Ойнас говорил громко, чтобы заглушить шум толпы и духового оркестра, так что его слышали многие. Он показал также дорогу к машинной станции, к маслозаводу, к центральному саду, к пчельнику, к птичнику, к детскому клубу и к школе-десятилетке. Но он умолчал про скотные дворы и конюшни.
— Только вы далеко по хуторам не расходитесь, граждане, — сказал он. — Скоро начнется торжественное собрание. Да. А потом кино. Два кино: одно снаружи, а другое внутри. И ракеты. А завтра будет спектакль на открытом воздухе и национальные танцы в костюмах. Старики и старухи тоже покажут свое. А потом прощальный вечер, выступят приехавшие артисты.
Люди поблагодарили и взглянули на него с уважением. Он заметил это, выпрямил немного сухую спину и спросил важным тоном:
— Вам дали место для ночлега?
— Дали.
— И лошадей поставили куда следует?
— Мы на машинах.
— Машины ваши поставили?
— Поставили.
— Хорошо. — Юхан сделал вид, что обдумывает что-то важное, потом спросил: — А вы кушали, товарищи? Пойдем к столу, закусите.
— Спасибо, — ответили они, — мы дома закусили.

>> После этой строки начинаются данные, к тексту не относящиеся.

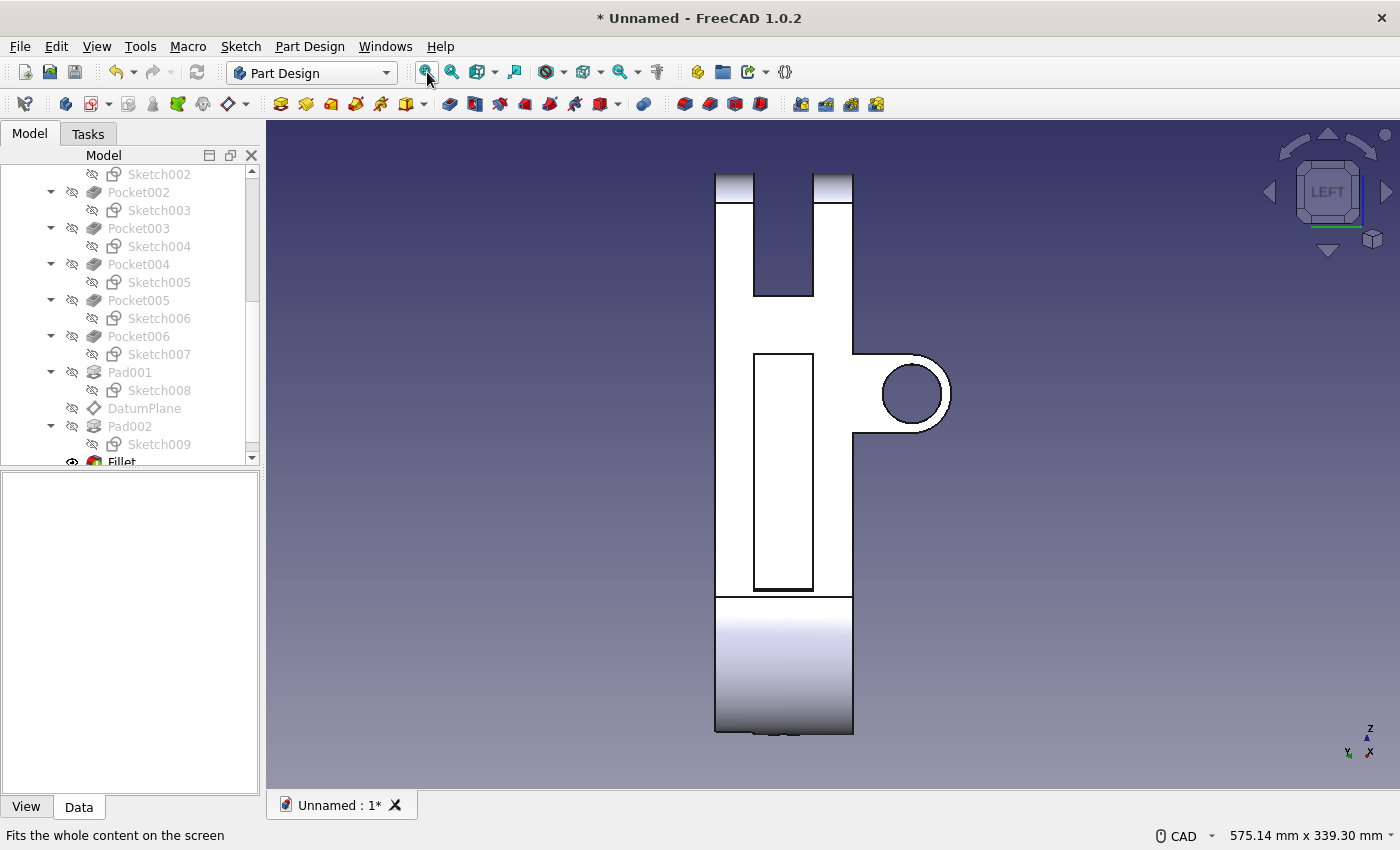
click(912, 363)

Но ему было приятно сознавать себя в некотором роде хозяином такого обширного хозяйства и праздника, и он потянул их в большой зал нардома.
Он долго водил их между рядами столов, накрытых белыми скатертями, пытаясь найти свободное место. Но столы были заняты таким большим количеством людей, что воздух, пропитанный запахами кушаний, дрожал от гула их голосов, от звона тарелок, стаканов, ножей и вилок.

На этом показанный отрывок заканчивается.